Moot: I am impressed by Yik Yak. I use Imgur a lot more now. It was pretty interesting to watch, last winter and last spring, with the “anonymous” apps getting really sexy all of a sudden with everyone making them and talking about them. It seems like Yik Yak won or at least pulled ahead as the enduring anonymous app. I’d be excited to see more [anonymous apps]. I’m glad at least one of them managed to figure it out.

If I had died two years ago, it’s very likely 4chan would have gone down with me

Constine: How have the interpersonal relations of people online changed since you started?

Moot: There’s obviously this era of social networking. The way I think about the web and how it’s changed over the years is that a decade ago or even longer, it was in the form of this interest-based web. You found people based on shared interests and navigating AOL [Disclosure: TechCrunch’s parent company] with keywords. How the web was organized was interests and this directory structure like Yahoo. Then there was this birth of Google and the intent-based Internet. Then you saw the rise of social and friendship-based networks with people you knew in real life.

I think we’re seeing a shift back with forums. People used forums to connect with each other around a shared interest and usually that meant connecting with strangers. As the graph got built out, it was easier to find friends online, but I think you see people are picking up on the value of “hey it’s fun to talk to strangers on the Internet”. I think you see that demonstrated in 4chan’s continued success but also in the rapid rise of Reddit and Imgur exploding in popularity.

There’s actually this demand for this lo-fi web. It harkens back to the early Internet years. I hope there’s more of that.

Constine: Do you think people are more snarky or more compassionate online now?

Moot: I don’t know. I basically stopped using social media in July, so I’m probably not the best person to ask. I wrote a little thing for the New York Times about narcissism. Does the Internet and social media make us vain? Yes, but not in that it rewired us to be more vain, but it rewards certain things like boisterous, very manicured representations of our lives. Which is why you see people self censoring and putting forward a sliver of their life on social media.

Are you going to get a lot of likes and comments on your photo vacation photos? There are things that get rewarded and things that don’t..though Twitter has proved that every day monotony can be interesting to people. I don’t think people have become snarkier or more compassionate, but what network you’re using determines how and what you share and what kind of a voice you share in.

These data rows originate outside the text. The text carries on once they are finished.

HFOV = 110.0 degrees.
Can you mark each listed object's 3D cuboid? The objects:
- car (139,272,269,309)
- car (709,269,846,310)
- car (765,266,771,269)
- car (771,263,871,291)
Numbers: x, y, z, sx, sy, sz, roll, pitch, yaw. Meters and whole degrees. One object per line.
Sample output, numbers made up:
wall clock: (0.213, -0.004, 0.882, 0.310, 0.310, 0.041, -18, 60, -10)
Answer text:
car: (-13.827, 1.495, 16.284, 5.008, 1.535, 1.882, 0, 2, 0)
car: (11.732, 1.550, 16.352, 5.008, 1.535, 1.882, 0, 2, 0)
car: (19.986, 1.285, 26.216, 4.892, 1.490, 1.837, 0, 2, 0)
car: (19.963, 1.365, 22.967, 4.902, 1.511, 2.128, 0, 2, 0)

Constine: Any concluding thoughts?

Moot: I’m very zen right now. This is a decision I made a long time ago and I’ve been working toward it. I’ve succeeded in creating something that can live on without me. If I had died two years ago, it’s very likely 4chan would have gone down with me. They say the captain goes down with the ship, but it was like the ship goes down with the captain. Clearly the ship should sail without the captain.